Aquella noche, mientras el veterinario Moeller jugaba con unos amigos una partida de cartas, Puck reunió a sus amigas en consejo de guerra. No podía apartar de sus pensamientos al hombre del barco. Así que dijo:
—Estoy segura de que, al entrar en la cabina, tenía un propósito bien definido y tengo el presentimiento de que repetirá su visita, sólo que ahora lo hará de noche… ¡Y sería muy divertido que pudiéramos sorprenderle!
—¡Hum! —exclamó Navio.
—No me atrae la idea —dijo Karen—. No me apetece deambular por la oscuridad.

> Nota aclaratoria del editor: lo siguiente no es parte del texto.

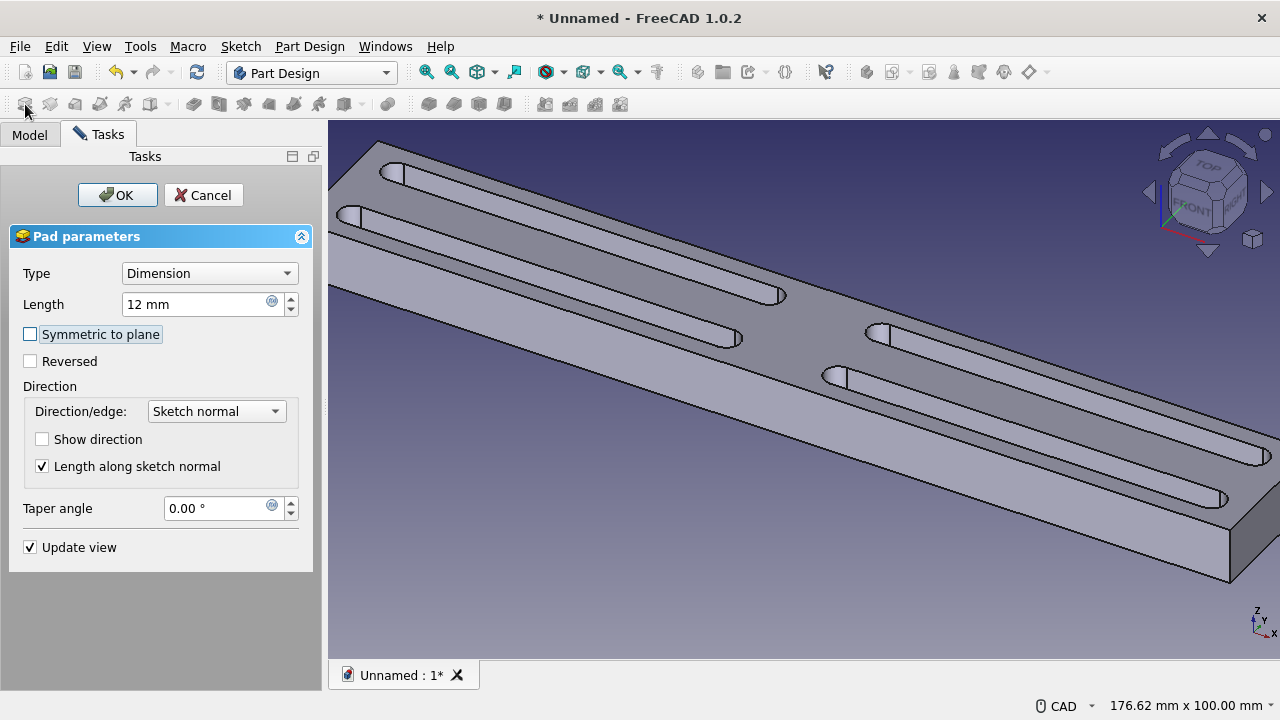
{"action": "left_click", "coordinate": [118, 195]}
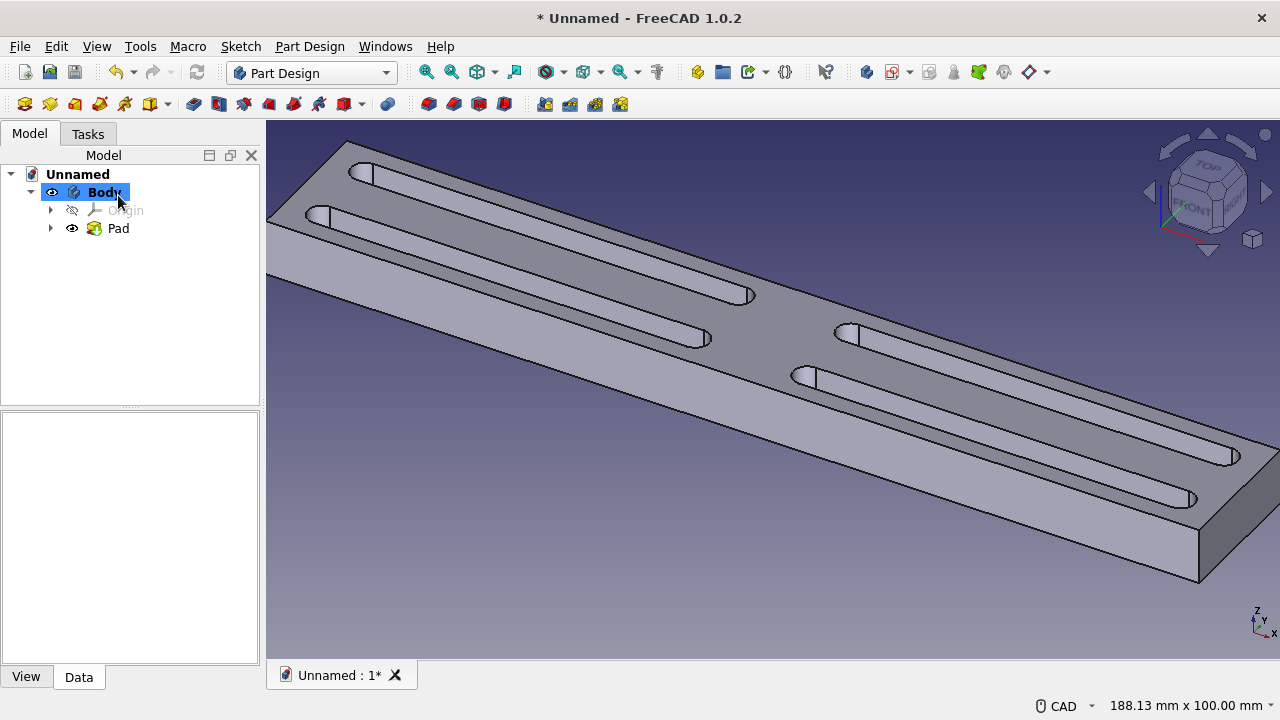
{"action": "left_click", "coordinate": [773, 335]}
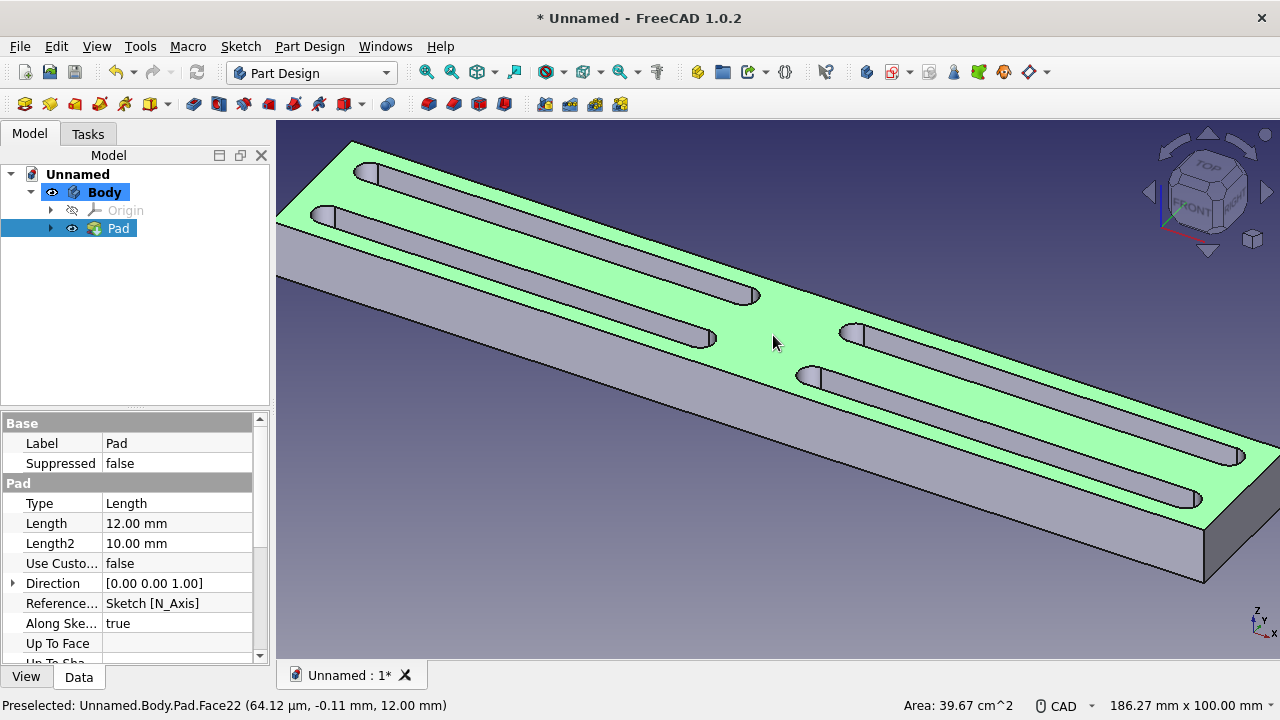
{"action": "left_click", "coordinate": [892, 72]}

Pero era difícil disuadir a Puck, quien usó tan buenos argumentos para convencer a sus amigas como el siguiente:
—Nada puede pasarnos por dar una vuelta de inspección al barco. Además tía Henny ha dicho que no nos acostáramos hasta que tuviéramos sueño… Tío Anders jugará a las cartas por lo menos hasta las doce o la una… Bastará, pues, con que estemos de regreso para entonces. Si no hemos descubierto nada, lo dejaré correr… Pero un paseo rápido nos sentará bien.
—Hum —repitió de nuevo Navio.
Karen suspiró:
—Bien, juguemos a los detectives una vez más… Pero yo hubiera preferido cualquier otra cosa…
Fuera, la noche era destemplada. Karen miró al cielo pensativa:
—Sólo nos faltaría que lloviera y nos dejara como ratas mojadas.
—No hables de ratas —protestó Navio—. Por favor, Karen.
Cuando llegaron al puerto era ya noche cerrada y en los muelles la iluminación era escasa. Con pasos silenciosos, avanzaron por el puerto desierto.
—¡Ay, qué siniestro es todo esto! —exclamó Navio—. ¿No sería mejor que regresáramos a casa?
—Tonterías, Navio —dijo Puck—. ¡Procura sólo no caerte al agua!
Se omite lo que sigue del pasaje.